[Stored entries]
⁂

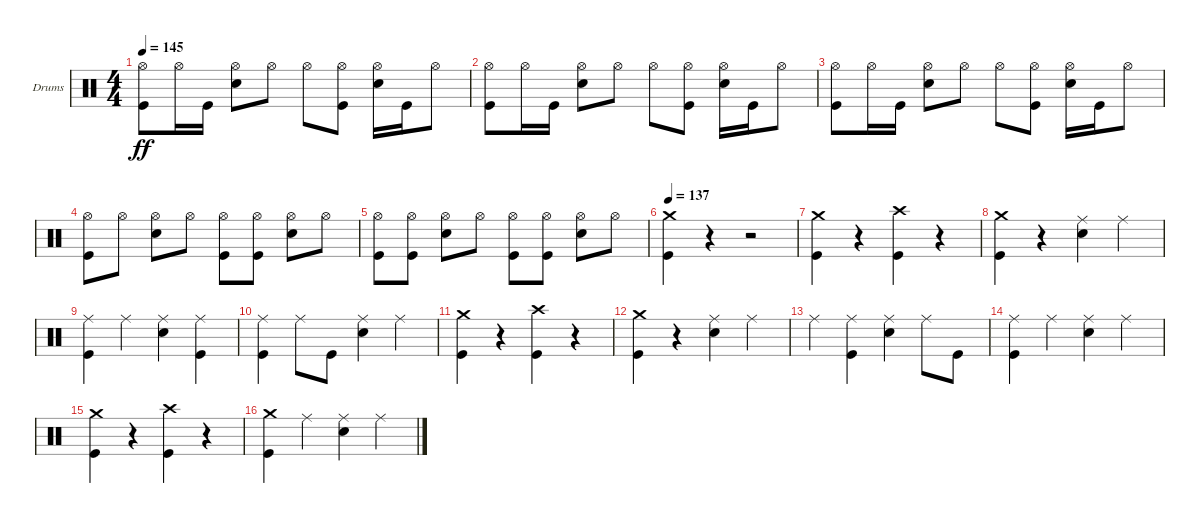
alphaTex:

\bracketExtendMode groupsimilarinstruments
\firstSystemTrackNameOrientation horizontal
\otherSystemsTrackNameOrientation horizontal
\track ("Drumkit" "Drums") {instrument percussion}
\staff {score}
\articulation defaults
\ts (4 4)
\tempo 145
\clef neutral
\ks c
("Hi-Hat (open)" "Kick (hit)").8{dy ff} "Hi-Hat (open)".16 "Kick (hit)".16 ("Hi-Hat (open)" "Snare (hit) 2").8 "Hi-Hat (open)".8 "Hi-Hat (open)".8 ("Hi-Hat (open)" "Kick (hit)").8 ("Hi-Hat (open)" "Snare (hit) 2").16 "Kick (hit)".16 "Hi-Hat (open)".8 |
("Hi-Hat (open)" "Kick (hit)").8 "Hi-Hat (open)".16 "Kick (hit)".16 ("Hi-Hat (open)" "Snare (hit) 2").8 "Hi-Hat (open)".8 "Hi-Hat (open)".8 ("Hi-Hat (open)" "Kick (hit)").8 ("Hi-Hat (open)" "Snare (hit) 2").16 "Kick (hit)".16 "Hi-Hat (open)".8 |
("Hi-Hat (open)" "Kick (hit)").8 "Hi-Hat (open)".16 "Kick (hit)".16 ("Hi-Hat (open)" "Snare (hit) 2").8 "Hi-Hat (open)".8 "Hi-Hat (open)".8 ("Hi-Hat (open)" "Kick (hit)").8 ("Hi-Hat (open)" "Snare (hit) 2").16 "Kick (hit)".16 "Hi-Hat (open)".8 |
("Hi-Hat (open)" "Kick (hit)").8 "Hi-Hat (open)".8 ("Hi-Hat (open)" "Snare (hit) 2").8 "Hi-Hat (open)".8 ("Hi-Hat (open)" "Kick (hit)").8 ("Hi-Hat (open)" "Kick (hit)").8 ("Hi-Hat (open)" "Snare (hit) 2").8 "Hi-Hat (open)".8 |
("Hi-Hat (open)" "Kick (hit)").8 ("Hi-Hat (open)" "Kick (hit)").8 ("Hi-Hat (open)" "Snare (hit) 2").8 "Hi-Hat (open)".8 ("Hi-Hat (open)" "Kick (hit)").8 ("Hi-Hat (open)" "Kick (hit)").8 ("Hi-Hat (open)" "Snare (hit) 2").8 "Hi-Hat (open)".8 |
\tempo 137
("Crash medium (hit)" "Kick (hit)").4 r.4 r.2 |
("Crash medium (hit)" "Kick (hit)").4 r.4 ("Crash high (hit)" "Kick (hit)").4 r.4 |
("Crash medium (hit)" "Kick (hit)").4 r.4 ("Ride (middle)" "Snare (hit) 2").4 "Ride (middle)".4 |
("Ride (middle)" "Kick (hit)").4 "Ride (middle)".4 ("Ride (middle)" "Snare (hit) 2").4 ("Ride (middle)" "Kick (hit)").4 |
("Ride (middle)" "Kick (hit)").4 "Ride (middle)".8 "Kick (hit)".8 ("Ride (middle)" "Snare (hit) 2").4 "Ride (middle)".4 |
("Crash medium (hit)" "Kick (hit)").4 r.4 ("Crash high (hit)" "Kick (hit)").4 r.4 |
("Crash medium (hit)" "Kick (hit)").4 r.4 ("Ride (middle)" "Snare (hit) 2").4 "Ride (middle)".4 |
"Ride (middle)".4 ("Ride (middle)" "Kick (hit)").4 ("Ride (middle)" "Snare (hit) 2").4 "Ride (middle)".8 "Kick (hit)".8 |
("Ride (middle)" "Kick (hit)").4 "Ride (middle)".4 ("Ride (middle)" "Snare (hit) 2").4 "Ride (middle)".4 |
("Crash medium (hit)" "Kick (hit)").4 r.4 ("Crash high (hit)" "Kick (hit)").4 r.4 |
("Crash medium (hit)" "Kick (hit)").4 "Ride (middle)".4 ("Ride (middle)" "Snare (hit) 2").4 "Ride (middle)".4
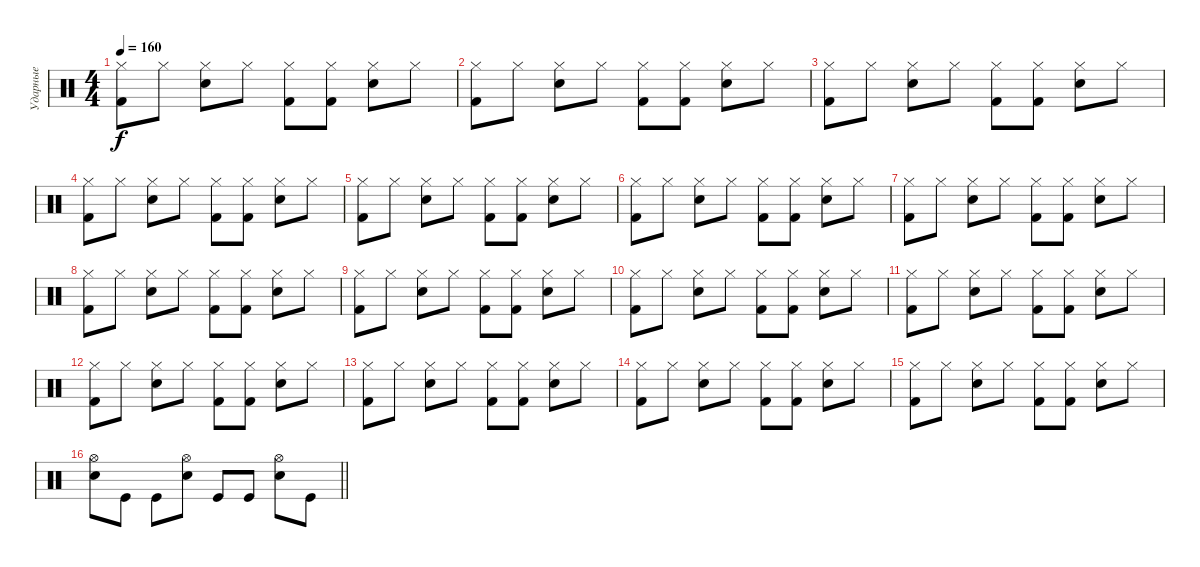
\track ("Ударные" "Ударные") {instrument percussion}
\staff {score}
\articulation defaults
\ts (4 4)
\tempo 160
\clef neutral
\ks c
("Kick (hit) 2" "Hi-Hat (closed)").8{dy f} "Hi-Hat (closed)".8 ("Hi-Hat (closed)" "Electric Snare (hit)").8 "Hi-Hat (closed)".8 ("Kick (hit) 2" "Hi-Hat (closed)").8 ("Kick (hit) 2" "Hi-Hat (closed)").8 ("Hi-Hat (closed)" "Electric Snare (hit)").8 "Hi-Hat (closed)".8 |
("Kick (hit) 2" "Hi-Hat (closed)").8 "Hi-Hat (closed)".8 ("Hi-Hat (closed)" "Electric Snare (hit)").8 "Hi-Hat (closed)".8 ("Kick (hit) 2" "Hi-Hat (closed)").8 ("Kick (hit) 2" "Hi-Hat (closed)").8 ("Hi-Hat (closed)" "Electric Snare (hit)").8 "Hi-Hat (closed)".8 |
("Kick (hit) 2" "Hi-Hat (closed)").8 "Hi-Hat (closed)".8 ("Hi-Hat (closed)" "Electric Snare (hit)").8 "Hi-Hat (closed)".8 ("Kick (hit) 2" "Hi-Hat (closed)").8 ("Kick (hit) 2" "Hi-Hat (closed)").8 ("Hi-Hat (closed)" "Electric Snare (hit)").8 "Hi-Hat (closed)".8 |
("Kick (hit) 2" "Hi-Hat (closed)").8 "Hi-Hat (closed)".8 ("Hi-Hat (closed)" "Electric Snare (hit)").8 "Hi-Hat (closed)".8 ("Kick (hit) 2" "Hi-Hat (closed)").8 ("Kick (hit) 2" "Hi-Hat (closed)").8 ("Hi-Hat (closed)" "Electric Snare (hit)").8 "Hi-Hat (closed)".8 |
("Kick (hit) 2" "Hi-Hat (closed)").8 "Hi-Hat (closed)".8 ("Hi-Hat (closed)" "Electric Snare (hit)").8 "Hi-Hat (closed)".8 ("Kick (hit) 2" "Hi-Hat (closed)").8 ("Kick (hit) 2" "Hi-Hat (closed)").8 ("Hi-Hat (closed)" "Electric Snare (hit)").8 "Hi-Hat (closed)".8 |
("Kick (hit) 2" "Hi-Hat (closed)").8 "Hi-Hat (closed)".8 ("Hi-Hat (closed)" "Electric Snare (hit)").8 "Hi-Hat (closed)".8 ("Kick (hit) 2" "Hi-Hat (closed)").8 ("Kick (hit) 2" "Hi-Hat (closed)").8 ("Hi-Hat (closed)" "Electric Snare (hit)").8 "Hi-Hat (closed)".8 |
("Kick (hit) 2" "Hi-Hat (closed)").8 "Hi-Hat (closed)".8 ("Hi-Hat (closed)" "Electric Snare (hit)").8 "Hi-Hat (closed)".8 ("Kick (hit) 2" "Hi-Hat (closed)").8 ("Kick (hit) 2" "Hi-Hat (closed)").8 ("Hi-Hat (closed)" "Electric Snare (hit)").8 "Hi-Hat (closed)".8 |
("Kick (hit) 2" "Hi-Hat (closed)").8 "Hi-Hat (closed)".8 ("Hi-Hat (closed)" "Electric Snare (hit)").8 "Hi-Hat (closed)".8 ("Kick (hit) 2" "Hi-Hat (closed)").8 ("Kick (hit) 2" "Hi-Hat (closed)").8 ("Hi-Hat (closed)" "Electric Snare (hit)").8 "Hi-Hat (closed)".8 |
("Kick (hit) 2" "Hi-Hat (closed)").8 "Hi-Hat (closed)".8 ("Hi-Hat (closed)" "Electric Snare (hit)").8 "Hi-Hat (closed)".8 ("Kick (hit) 2" "Hi-Hat (closed)").8 ("Kick (hit) 2" "Hi-Hat (closed)").8 ("Hi-Hat (closed)" "Electric Snare (hit)").8 "Hi-Hat (closed)".8 |
("Kick (hit) 2" "Hi-Hat (closed)").8 "Hi-Hat (closed)".8 ("Hi-Hat (closed)" "Electric Snare (hit)").8 "Hi-Hat (closed)".8 ("Kick (hit) 2" "Hi-Hat (closed)").8 ("Kick (hit) 2" "Hi-Hat (closed)").8 ("Hi-Hat (closed)" "Electric Snare (hit)").8 "Hi-Hat (closed)".8 |
("Kick (hit) 2" "Hi-Hat (closed)").8 "Hi-Hat (closed)".8 ("Hi-Hat (closed)" "Electric Snare (hit)").8 "Hi-Hat (closed)".8 ("Kick (hit) 2" "Hi-Hat (closed)").8 ("Kick (hit) 2" "Hi-Hat (closed)").8 ("Hi-Hat (closed)" "Electric Snare (hit)").8 "Hi-Hat (closed)".8 |
("Kick (hit) 2" "Hi-Hat (closed)").8 "Hi-Hat (closed)".8 ("Hi-Hat (closed)" "Electric Snare (hit)").8 "Hi-Hat (closed)".8 ("Kick (hit) 2" "Hi-Hat (closed)").8 ("Kick (hit) 2" "Hi-Hat (closed)").8 ("Hi-Hat (closed)" "Electric Snare (hit)").8 "Hi-Hat (closed)".8 |
("Kick (hit) 2" "Hi-Hat (closed)").8 "Hi-Hat (closed)".8 ("Hi-Hat (closed)" "Electric Snare (hit)").8 "Hi-Hat (closed)".8 ("Kick (hit) 2" "Hi-Hat (closed)").8 ("Kick (hit) 2" "Hi-Hat (closed)").8 ("Hi-Hat (closed)" "Electric Snare (hit)").8 "Hi-Hat (closed)".8 |
("Kick (hit) 2" "Hi-Hat (closed)").8 "Hi-Hat (closed)".8 ("Hi-Hat (closed)" "Electric Snare (hit)").8 "Hi-Hat (closed)".8 ("Kick (hit) 2" "Hi-Hat (closed)").8 ("Kick (hit) 2" "Hi-Hat (closed)").8 ("Hi-Hat (closed)" "Electric Snare (hit)").8 "Hi-Hat (closed)".8 |
("Kick (hit) 2" "Hi-Hat (closed)").8 "Hi-Hat (closed)".8 ("Hi-Hat (closed)" "Electric Snare (hit)").8 "Hi-Hat (closed)".8 ("Kick (hit) 2" "Hi-Hat (closed)").8 ("Kick (hit) 2" "Hi-Hat (closed)").8 ("Hi-Hat (closed)" "Electric Snare (hit)").8 "Hi-Hat (closed)".8 |
\barLineRight lightlight
("Hi-Hat (open)" "Electric Snare (hit)").8 "Kick (hit)".8 "Kick (hit)".8 ("Hi-Hat (open)" "Electric Snare (hit)").8 "Kick (hit)".8 "Kick (hit)".8 ("Hi-Hat (open)" "Electric Snare (hit)").8 "Kick (hit)".8

⁂

- Exercise instructions -
Say how many lines in the entries include the string "Ride", and write nothing besides that number.

- Exercise solution -
7